The new programming has been made possible due to California voters passing Proposition 28 in 2022, which allocated roughly a billion dollars a year in arts funding to public and charter California schools. Orlando said the district received about $1.5 million in arts funding during the 2023-24 school year and another $1.5 million last school year. The district expects to receive about the same amount this year.
After taking a year to plan how it would spend the money, VCUSD started hiring more arts teachers last school year. It’s now more than doubled its amount of arts teachers over two years. This year, the district has 22 arts teachers, and plans to hire one more. Of these 22 teachers, eight are funded entirely through Proposition 28 dollars and six are partially funded with these dollars.
The number of district schools supported by Proposition 28 arts funding has increased this year as well. While the district allocated these dollars to 10 district schools last year, this year the district allocated the funds to all eligible 17 schools.
The majority of district schools serving transitional kindergarten through eighth grade classes now have classes in multiple arts disciplines. Glen Cove Elementary has visual art, theater, and musical theater classes while Steffen Manor Elementary has music, dance and theater classes.

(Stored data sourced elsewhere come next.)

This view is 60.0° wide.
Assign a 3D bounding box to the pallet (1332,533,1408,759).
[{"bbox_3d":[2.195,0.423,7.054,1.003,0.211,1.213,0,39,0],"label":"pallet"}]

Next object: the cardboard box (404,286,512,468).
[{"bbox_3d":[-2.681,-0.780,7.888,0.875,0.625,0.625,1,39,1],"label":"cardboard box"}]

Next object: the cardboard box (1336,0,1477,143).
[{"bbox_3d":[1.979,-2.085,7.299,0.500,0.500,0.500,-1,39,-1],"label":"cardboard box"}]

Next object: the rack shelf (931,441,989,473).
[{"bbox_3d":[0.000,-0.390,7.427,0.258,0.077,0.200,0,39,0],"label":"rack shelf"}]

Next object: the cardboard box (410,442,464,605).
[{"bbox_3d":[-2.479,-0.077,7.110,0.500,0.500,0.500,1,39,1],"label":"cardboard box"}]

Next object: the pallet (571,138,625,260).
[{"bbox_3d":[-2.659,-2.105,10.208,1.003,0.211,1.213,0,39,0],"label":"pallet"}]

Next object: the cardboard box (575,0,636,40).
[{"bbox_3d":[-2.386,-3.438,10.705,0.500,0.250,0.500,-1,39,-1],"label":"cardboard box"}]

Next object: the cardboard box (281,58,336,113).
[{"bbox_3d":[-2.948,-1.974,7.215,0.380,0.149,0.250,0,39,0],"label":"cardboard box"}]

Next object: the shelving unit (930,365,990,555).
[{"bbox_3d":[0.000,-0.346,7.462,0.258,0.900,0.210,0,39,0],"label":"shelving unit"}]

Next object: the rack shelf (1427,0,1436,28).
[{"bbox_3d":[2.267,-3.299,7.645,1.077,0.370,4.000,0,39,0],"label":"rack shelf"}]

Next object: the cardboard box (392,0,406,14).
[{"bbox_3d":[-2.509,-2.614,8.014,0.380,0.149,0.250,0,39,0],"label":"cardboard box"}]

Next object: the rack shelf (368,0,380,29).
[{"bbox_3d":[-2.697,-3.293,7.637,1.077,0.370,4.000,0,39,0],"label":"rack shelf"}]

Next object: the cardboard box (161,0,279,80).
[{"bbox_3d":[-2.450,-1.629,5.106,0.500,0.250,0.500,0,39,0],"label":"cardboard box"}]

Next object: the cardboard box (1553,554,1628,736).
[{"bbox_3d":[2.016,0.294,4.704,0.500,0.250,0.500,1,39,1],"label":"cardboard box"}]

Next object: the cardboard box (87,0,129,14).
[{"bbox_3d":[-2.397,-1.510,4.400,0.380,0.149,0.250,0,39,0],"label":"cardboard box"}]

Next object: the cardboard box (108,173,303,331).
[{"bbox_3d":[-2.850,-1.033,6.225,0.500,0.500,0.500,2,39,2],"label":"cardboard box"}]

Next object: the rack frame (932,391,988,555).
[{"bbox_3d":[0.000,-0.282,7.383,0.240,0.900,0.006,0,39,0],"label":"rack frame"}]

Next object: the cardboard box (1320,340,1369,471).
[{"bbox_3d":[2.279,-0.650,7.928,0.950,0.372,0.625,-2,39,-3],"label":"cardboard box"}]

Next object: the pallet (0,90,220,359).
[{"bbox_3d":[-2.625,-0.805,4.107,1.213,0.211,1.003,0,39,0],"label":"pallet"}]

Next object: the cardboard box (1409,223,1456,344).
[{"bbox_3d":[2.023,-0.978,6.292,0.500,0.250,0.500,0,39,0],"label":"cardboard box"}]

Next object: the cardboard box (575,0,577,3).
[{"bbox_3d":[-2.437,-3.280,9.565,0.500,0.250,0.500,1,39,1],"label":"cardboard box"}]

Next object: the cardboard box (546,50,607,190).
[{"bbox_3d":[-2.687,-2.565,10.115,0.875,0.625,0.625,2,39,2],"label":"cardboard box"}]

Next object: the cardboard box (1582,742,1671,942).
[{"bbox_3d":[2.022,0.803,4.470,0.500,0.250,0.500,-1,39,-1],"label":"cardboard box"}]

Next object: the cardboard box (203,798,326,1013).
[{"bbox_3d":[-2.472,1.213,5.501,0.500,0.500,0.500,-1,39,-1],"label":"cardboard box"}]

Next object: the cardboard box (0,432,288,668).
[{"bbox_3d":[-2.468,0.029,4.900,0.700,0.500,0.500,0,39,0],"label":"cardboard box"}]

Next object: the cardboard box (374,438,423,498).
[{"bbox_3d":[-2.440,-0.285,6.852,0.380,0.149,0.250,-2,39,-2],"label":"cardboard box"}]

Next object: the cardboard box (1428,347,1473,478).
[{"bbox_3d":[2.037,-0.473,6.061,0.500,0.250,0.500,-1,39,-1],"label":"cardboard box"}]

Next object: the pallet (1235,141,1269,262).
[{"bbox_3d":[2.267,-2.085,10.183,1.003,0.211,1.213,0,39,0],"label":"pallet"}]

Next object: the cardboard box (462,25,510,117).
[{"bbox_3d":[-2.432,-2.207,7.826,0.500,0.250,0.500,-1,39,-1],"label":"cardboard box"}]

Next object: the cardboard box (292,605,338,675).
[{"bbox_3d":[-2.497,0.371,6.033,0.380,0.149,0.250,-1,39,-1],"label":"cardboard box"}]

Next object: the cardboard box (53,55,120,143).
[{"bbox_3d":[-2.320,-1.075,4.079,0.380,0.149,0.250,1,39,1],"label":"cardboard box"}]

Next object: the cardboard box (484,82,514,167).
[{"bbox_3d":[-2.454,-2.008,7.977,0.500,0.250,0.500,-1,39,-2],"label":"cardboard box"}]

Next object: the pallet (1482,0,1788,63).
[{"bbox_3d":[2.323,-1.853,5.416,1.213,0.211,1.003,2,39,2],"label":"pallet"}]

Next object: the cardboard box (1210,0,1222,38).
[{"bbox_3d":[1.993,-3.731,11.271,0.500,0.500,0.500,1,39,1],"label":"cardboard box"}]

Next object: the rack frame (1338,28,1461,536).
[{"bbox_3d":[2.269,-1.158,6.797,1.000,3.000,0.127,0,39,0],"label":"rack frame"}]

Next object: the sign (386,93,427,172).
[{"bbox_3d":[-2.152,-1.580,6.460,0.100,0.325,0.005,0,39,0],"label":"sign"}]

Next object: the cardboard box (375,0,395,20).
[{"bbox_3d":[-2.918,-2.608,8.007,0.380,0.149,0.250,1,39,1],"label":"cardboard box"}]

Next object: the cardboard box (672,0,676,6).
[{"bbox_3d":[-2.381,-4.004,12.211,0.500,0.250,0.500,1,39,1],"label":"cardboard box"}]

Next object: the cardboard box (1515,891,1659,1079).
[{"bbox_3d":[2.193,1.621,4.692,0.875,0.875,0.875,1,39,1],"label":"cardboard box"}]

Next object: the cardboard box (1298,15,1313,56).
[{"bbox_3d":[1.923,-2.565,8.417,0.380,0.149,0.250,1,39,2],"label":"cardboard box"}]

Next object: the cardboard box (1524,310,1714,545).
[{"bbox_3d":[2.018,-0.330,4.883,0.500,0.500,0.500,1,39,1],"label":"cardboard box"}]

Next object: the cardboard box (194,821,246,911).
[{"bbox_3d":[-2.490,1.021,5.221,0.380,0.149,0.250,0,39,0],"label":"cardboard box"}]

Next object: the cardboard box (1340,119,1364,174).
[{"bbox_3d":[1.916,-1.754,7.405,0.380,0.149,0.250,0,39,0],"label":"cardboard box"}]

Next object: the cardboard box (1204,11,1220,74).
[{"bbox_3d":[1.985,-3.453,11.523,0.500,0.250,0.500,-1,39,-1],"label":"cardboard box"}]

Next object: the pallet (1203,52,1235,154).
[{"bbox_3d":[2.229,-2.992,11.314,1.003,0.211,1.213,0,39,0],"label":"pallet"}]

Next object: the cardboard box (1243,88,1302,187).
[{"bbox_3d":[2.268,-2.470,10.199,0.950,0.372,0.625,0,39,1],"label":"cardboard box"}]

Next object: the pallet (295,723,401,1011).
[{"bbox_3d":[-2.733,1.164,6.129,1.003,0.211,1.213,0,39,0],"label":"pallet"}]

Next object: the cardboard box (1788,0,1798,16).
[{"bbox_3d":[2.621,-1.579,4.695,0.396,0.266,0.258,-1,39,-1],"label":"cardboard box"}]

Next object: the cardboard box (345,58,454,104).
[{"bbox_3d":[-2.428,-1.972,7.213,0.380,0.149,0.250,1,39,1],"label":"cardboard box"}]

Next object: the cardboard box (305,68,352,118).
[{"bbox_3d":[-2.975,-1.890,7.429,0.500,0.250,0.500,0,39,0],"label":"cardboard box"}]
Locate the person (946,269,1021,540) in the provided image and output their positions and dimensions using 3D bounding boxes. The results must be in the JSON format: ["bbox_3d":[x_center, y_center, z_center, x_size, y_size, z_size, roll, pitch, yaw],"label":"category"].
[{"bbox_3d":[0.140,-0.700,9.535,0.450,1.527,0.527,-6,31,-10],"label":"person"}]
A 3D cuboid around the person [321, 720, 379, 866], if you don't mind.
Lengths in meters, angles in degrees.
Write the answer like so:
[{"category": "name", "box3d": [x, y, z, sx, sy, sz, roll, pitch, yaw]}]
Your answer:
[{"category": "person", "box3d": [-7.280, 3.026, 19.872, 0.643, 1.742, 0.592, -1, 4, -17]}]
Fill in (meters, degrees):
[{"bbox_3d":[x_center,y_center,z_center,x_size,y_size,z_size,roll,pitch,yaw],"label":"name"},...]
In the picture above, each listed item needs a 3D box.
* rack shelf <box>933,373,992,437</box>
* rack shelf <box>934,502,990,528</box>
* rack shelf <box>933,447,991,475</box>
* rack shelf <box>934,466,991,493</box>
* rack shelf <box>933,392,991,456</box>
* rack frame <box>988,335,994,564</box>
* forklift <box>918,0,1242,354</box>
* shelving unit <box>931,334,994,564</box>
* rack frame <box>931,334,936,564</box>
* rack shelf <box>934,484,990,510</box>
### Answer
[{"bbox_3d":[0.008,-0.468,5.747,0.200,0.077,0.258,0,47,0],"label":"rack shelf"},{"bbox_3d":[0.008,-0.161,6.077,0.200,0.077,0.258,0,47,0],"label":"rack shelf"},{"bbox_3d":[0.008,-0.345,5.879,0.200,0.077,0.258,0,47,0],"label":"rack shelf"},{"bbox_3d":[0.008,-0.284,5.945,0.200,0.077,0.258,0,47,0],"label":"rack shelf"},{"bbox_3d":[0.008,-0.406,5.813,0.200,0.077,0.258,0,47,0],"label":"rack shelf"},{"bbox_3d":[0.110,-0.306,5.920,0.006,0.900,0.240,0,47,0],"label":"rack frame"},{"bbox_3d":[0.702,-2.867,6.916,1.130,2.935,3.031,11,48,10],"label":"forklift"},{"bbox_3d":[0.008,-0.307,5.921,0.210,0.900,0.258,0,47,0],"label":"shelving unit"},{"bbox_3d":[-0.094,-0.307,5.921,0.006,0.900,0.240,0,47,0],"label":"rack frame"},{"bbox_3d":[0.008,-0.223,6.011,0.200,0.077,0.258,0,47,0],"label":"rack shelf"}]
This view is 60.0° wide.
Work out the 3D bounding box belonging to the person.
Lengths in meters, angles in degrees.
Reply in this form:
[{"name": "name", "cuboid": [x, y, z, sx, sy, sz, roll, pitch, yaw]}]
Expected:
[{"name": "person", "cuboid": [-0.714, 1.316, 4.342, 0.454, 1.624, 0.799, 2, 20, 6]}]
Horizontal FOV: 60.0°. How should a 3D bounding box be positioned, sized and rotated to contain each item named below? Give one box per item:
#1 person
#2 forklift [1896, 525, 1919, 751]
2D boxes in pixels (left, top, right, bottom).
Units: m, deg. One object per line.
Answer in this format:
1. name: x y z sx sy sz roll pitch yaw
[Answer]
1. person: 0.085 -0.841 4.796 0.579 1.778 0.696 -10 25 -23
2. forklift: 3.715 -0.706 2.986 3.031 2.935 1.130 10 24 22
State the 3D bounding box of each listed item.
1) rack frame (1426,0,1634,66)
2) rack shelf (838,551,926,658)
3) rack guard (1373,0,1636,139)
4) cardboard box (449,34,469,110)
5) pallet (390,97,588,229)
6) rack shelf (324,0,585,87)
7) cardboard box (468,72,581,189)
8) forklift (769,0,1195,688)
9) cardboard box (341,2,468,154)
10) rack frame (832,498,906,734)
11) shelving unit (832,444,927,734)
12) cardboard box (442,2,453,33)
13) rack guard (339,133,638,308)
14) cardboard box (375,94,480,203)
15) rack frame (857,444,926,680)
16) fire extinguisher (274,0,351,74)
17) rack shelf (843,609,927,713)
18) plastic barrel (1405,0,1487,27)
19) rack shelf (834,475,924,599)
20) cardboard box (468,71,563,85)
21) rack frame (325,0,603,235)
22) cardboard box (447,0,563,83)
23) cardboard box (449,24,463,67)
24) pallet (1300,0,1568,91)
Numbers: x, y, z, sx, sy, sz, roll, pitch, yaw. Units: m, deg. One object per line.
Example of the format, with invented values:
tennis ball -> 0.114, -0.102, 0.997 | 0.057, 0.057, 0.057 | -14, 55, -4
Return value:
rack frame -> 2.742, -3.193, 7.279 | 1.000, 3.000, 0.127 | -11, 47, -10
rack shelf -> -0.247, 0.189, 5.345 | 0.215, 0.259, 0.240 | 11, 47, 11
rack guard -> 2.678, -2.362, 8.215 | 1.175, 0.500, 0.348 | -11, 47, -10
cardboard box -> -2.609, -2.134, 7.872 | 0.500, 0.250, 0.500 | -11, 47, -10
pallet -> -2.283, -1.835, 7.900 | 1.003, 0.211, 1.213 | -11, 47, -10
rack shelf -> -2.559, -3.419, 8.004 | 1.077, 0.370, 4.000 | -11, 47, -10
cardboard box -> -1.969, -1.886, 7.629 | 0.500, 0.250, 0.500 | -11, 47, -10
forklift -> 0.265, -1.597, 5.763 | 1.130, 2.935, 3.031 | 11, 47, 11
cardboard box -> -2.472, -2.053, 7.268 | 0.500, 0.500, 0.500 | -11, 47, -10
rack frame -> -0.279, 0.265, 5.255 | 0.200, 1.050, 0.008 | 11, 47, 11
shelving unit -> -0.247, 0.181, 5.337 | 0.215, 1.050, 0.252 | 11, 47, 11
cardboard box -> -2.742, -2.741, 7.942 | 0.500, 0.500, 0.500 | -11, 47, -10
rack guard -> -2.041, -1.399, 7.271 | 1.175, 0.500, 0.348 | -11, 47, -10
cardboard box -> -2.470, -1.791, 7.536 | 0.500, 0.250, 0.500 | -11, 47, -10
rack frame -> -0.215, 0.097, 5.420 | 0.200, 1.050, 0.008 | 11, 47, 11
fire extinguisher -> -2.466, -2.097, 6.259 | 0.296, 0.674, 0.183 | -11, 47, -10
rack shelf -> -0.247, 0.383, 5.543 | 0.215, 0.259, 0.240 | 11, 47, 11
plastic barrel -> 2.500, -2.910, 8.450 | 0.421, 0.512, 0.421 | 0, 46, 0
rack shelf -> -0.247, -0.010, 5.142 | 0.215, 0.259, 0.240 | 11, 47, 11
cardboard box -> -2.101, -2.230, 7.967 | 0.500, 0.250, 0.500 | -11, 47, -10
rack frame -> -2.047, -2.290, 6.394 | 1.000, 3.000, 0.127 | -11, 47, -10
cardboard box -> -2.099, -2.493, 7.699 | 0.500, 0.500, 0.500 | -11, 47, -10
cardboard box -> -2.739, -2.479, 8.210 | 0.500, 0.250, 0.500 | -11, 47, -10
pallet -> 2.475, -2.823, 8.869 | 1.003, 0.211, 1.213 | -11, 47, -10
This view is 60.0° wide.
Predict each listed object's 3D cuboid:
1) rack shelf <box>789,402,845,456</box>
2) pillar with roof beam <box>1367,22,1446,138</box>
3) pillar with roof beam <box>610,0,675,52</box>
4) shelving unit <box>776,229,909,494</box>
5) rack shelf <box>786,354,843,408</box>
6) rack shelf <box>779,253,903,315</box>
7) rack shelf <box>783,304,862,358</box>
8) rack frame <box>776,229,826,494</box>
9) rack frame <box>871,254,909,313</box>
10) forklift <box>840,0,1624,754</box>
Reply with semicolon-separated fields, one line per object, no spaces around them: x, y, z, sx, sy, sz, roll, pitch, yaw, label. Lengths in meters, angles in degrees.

The only lower grade schools that haven’t hired arts teachers are Cave Language Academy and Vallejo Charter School. According to Orlando, the district is still trying to hire a Spanish and English speaking art teacher at Cave, which is a bilingual school. He said Vallejo Charter will be contracting with choir and visual arts programs but not hiring credentialed teachers directly.
The new programming has allowed Hogan Middle School art teacher Jill Faison to pursue her passion. Even though she has a background in arts education, Faison had been teaching English and history at Hogan for nine years because there was limited arts education funding.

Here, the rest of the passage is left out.